Records from a data source:
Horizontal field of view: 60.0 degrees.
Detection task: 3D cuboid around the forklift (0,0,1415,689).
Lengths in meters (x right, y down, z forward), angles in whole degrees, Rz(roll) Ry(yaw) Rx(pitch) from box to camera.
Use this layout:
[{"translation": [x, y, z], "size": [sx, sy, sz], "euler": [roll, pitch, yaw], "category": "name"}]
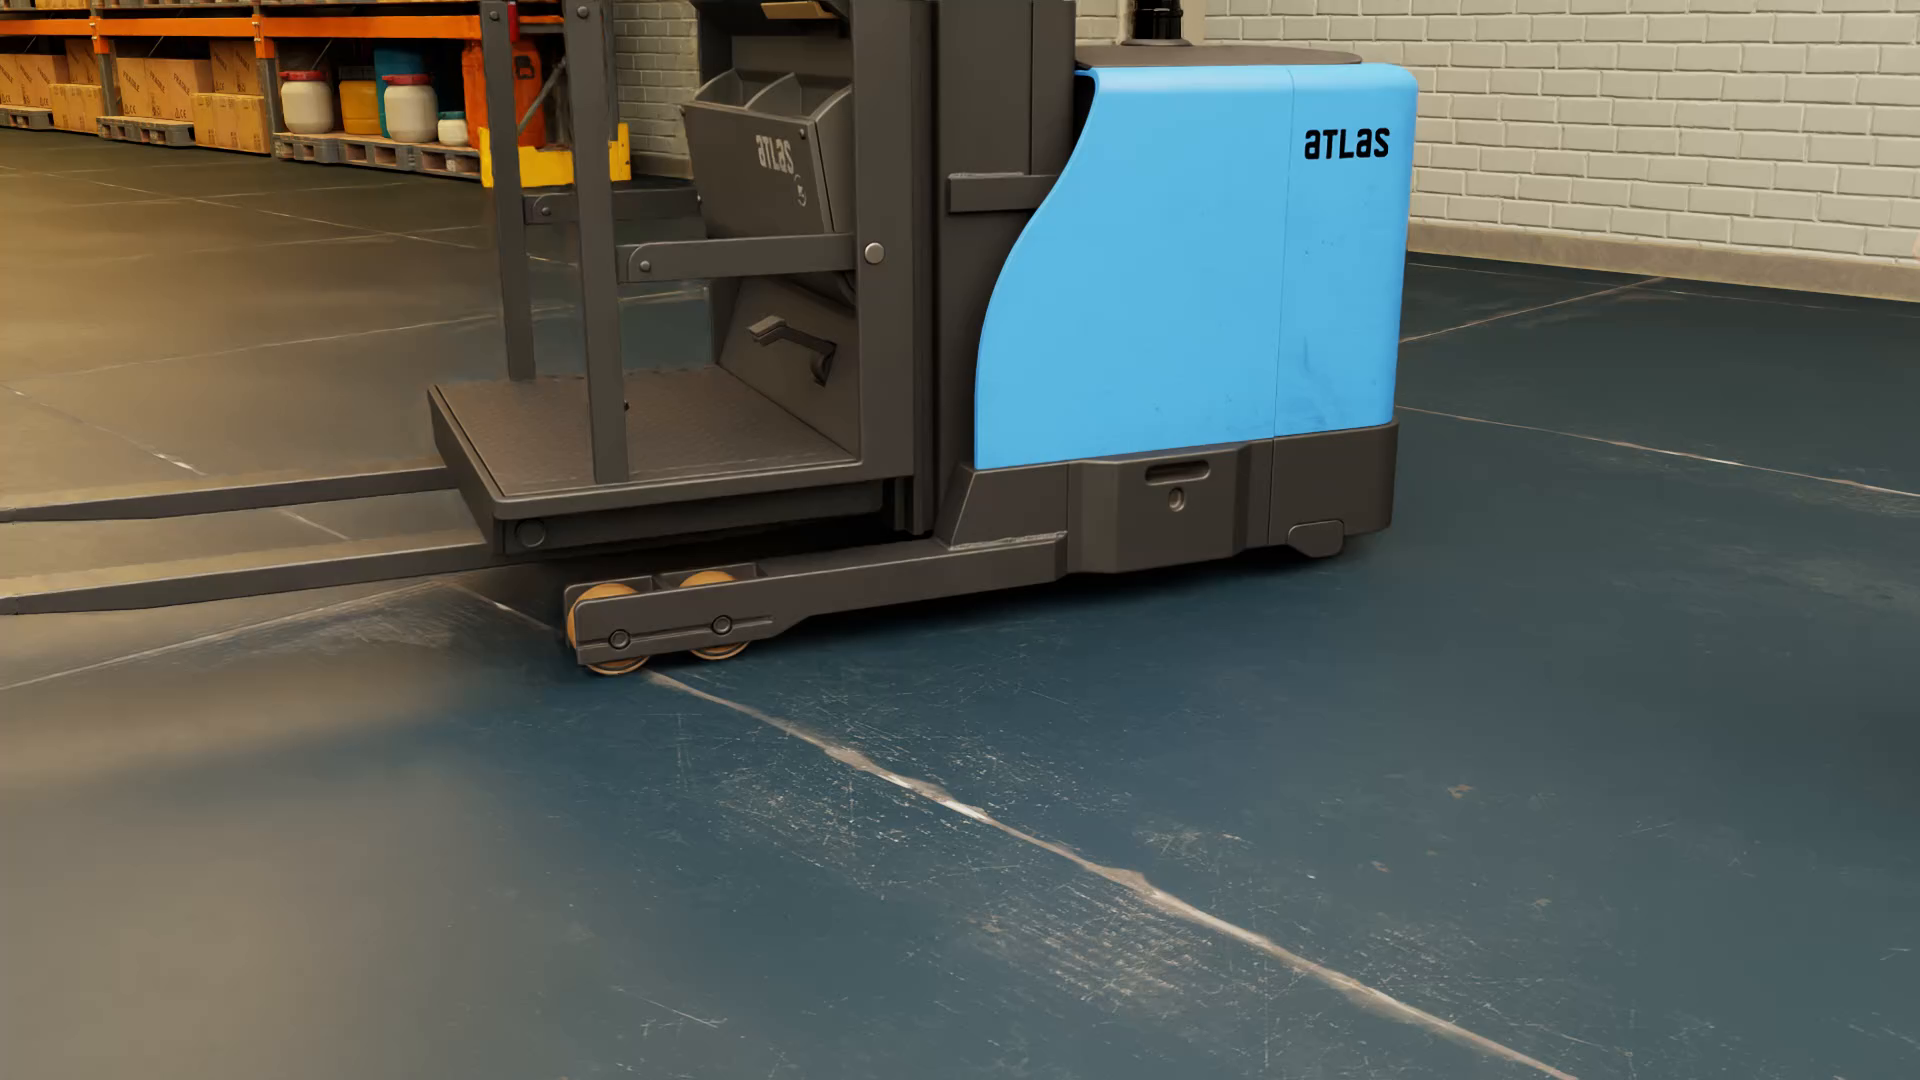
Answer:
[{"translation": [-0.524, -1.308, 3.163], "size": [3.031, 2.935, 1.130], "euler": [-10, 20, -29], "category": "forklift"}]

EXERCISE
What is needed here is an exact transcript of the data above, pictures excluded.

EXERCISE RESPONSE
Horizontal field of view: 60.0 degrees.
Detection task: 3D cuboid around the forklift (0,0,1415,689).
Lengths in meters (x right, y down, z forward), angles in whole degrees, Rz(roll) Ry(yaw) Rx(pitch) from box to camera.
Use this layout:
[{"translation": [x, y, z], "size": [sx, sy, sz], "euler": [roll, pitch, yaw], "category": "name"}]
Answer:
[{"translation": [-0.524, -1.308, 3.163], "size": [3.031, 2.935, 1.130], "euler": [-10, 20, -29], "category": "forklift"}]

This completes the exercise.